Consulta original: Pride and Prejudice
Consulta analizada: (['pride', 'prejudice'], ['and'])


### Step 5: Displaying Results
- **Output the Results**: Display the documents that match the query criteria. Include functionalities to handle queries that result in no matching documents.



In [70]:
def display_results(results):
    if results:
        print("Query found in the following documents:")
        for doc in results:
            print("-", doc)
    else:
        print("Quey not found in any document.")

In [71]:
simple_query = input("Enter the search query (type 'exit' to quit): ")

while simple_query.lower() != 'exit':
    if not simple_query:
        print("Please enter a search query.")
    else:
        # Parsea la consulta para obtener los términos y operadores
        query_terms, operators = parse_query(simple_query)
        print (query_terms, operators)

        # Busca los documentos basados en la consulta
        search_results = boolean_search (query_terms, operators, inverted_index)

        # Muestra los resultados de la búsqueda
        display_results(search_results)

    # Solicita una nueva consulta al usuario
    simple_query = input("Enter the search query (type 'exit' to quit): ")

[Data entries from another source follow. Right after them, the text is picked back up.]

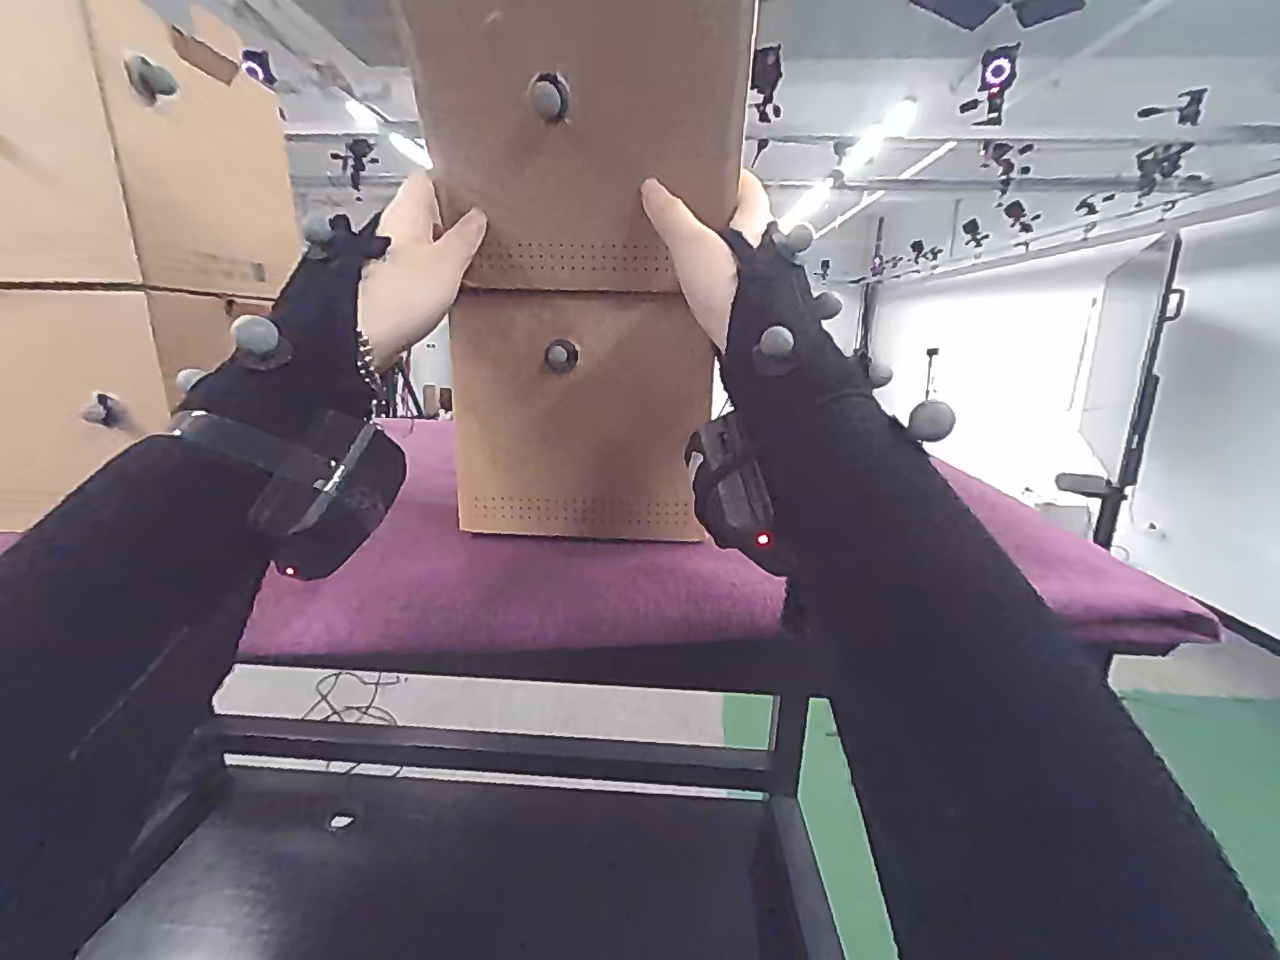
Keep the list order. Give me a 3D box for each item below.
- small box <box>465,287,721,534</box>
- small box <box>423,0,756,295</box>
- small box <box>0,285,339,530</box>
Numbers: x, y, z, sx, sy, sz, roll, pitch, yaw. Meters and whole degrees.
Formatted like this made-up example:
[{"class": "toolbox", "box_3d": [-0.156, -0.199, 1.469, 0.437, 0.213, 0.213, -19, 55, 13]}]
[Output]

Enter the search query (type 'exit' to quit): Jekyll
['jekyll'] []
Query found in the following documents:
- pg43.txt
Enter the search query (type 'exit' to quit): Wonderland
['wonderland'] []
Query found in the following documents:
- pg5197.txt
- pg11.txt
- pg29728.txt
Enter the search query (type 'exit' to quit): Jekyll and Wonderland
['jekyll', 'wonderland'] ['and']
Quey not found in any document.
Enter the search query (type 'exit' to quit): exit


## Evaluation Criteria
- **Correctness**: The Boolean search implementation should correctly interpret and process the queries according to the Boolean logic.
- **Efficiency**: Consider the efficiency of your search process, especially as the complexity of queries increases.
- **User Experience**: Ensure that the interface for inputting queries and viewing results is user-friendly.

This exercise will deepen your understanding of how search engines process and respond to user queries.